Although due to the nature of this study we did not co-register all the sequences of 3 and 7 T study, visual inspection and interpretation support the notion that on 7 T the lesion seemed often to extend beyond what is seen on 3 T.

Because of the better delineation of lesions on 7 T, if intracranial EEG recording is needed we would advise to use the T2 sequence to guide the implantation. Especially in case of multiple depth-electrodes (stereo-EEG) where presurgical delineation of the abnormality is even more dependant on electrode placing than when using grids.
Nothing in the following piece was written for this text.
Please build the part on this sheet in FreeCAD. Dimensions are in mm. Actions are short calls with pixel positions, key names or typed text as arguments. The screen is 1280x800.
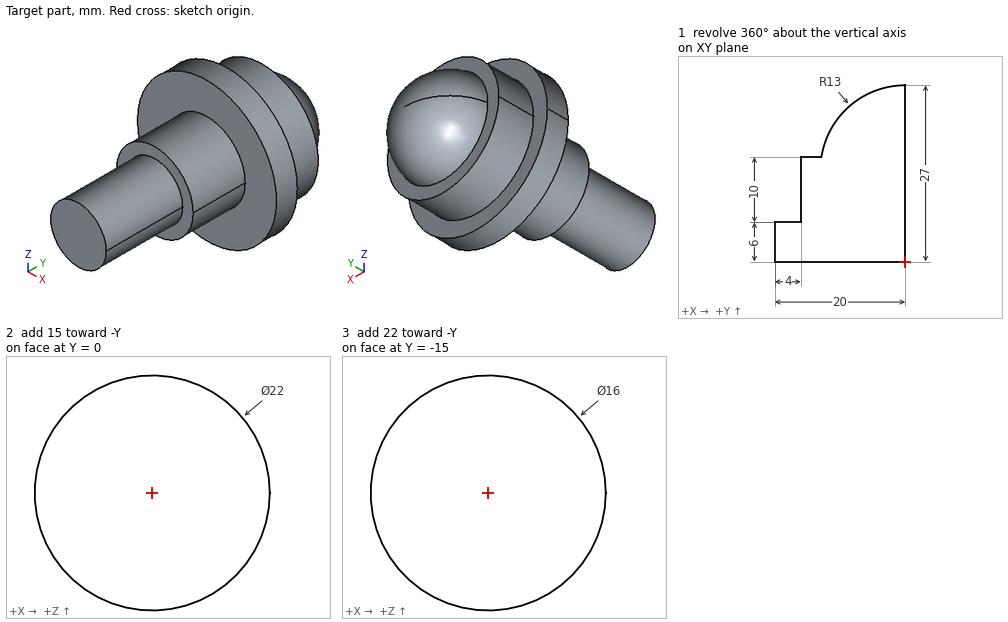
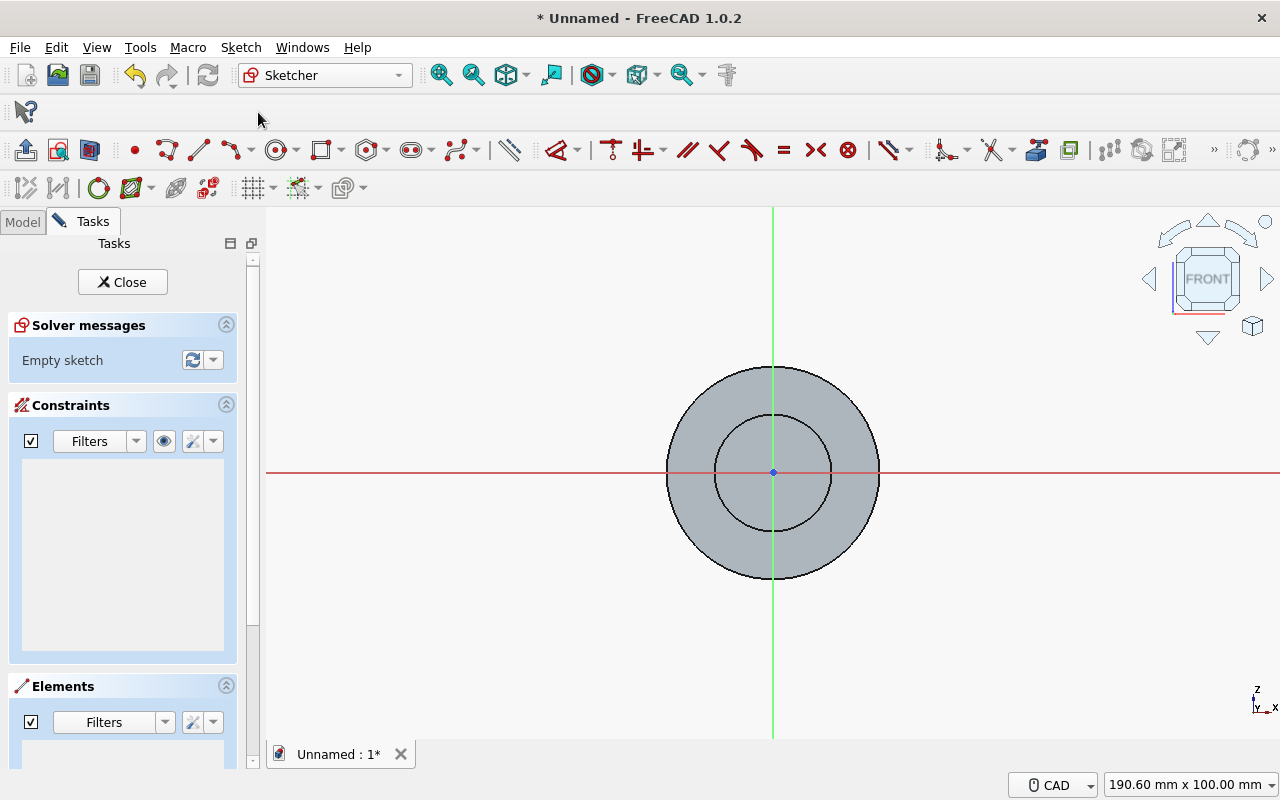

In epilepsy, abnormalities observed on MRI do not always reflect the epileptogenic focus. This is illustrated by the observation of Salmenpera et al. [40] that 9 % of 3 T MRI-positive findings are not related to the epileptogenic lesion. Therefore, every positive MRI result should be interpreted with caution and in combination with the electro clinical findings. However, clinical assessment based on the intra-individual stereotyped semiology makes it likely that all our patients had a single epileptogenic focus, correlating well with the observed location of the lesion. Interpretation of MRI should only be done including all clinical information available. This holds true for all other modalities such as PET, MEG and intracranial EEG as well. Probably, multimodality fusion will increase insight in analysing difficult surgery cases. The limitation of our study is that we included only patients with a diagnosis of FCD based on 3 or 1.5 T MRI and only three patients had a histologically proven diagnosis. Further studies will evaluate the additional value of 7 T MRI in presurgical analysis in patients without abnormalities on 3 T MRI. There is one study on the detectability of FCD’s on 7 T MRI in 21 patients without lesions on 3 or 1.5 T MRI, showing a 29 % diagnostic gain [41]. Agreement in imaging interpretation was reached through consensus-based discussions based on visual identification of structural abnormalities. Four out of the six patients with a thus detected lesion were operated, all showing a FCD on histopathology. These results are almost identical to our own results [42].

Conclusion

7 T brain imaging in vivo is feasible in epilepsy patients and can be beneficial. Lesions are well recognizable and details are better visible than at lower field strengths. The presence of typical FCD-characteristics on MRI; however, does not always reflect the final histopathological diagnosis.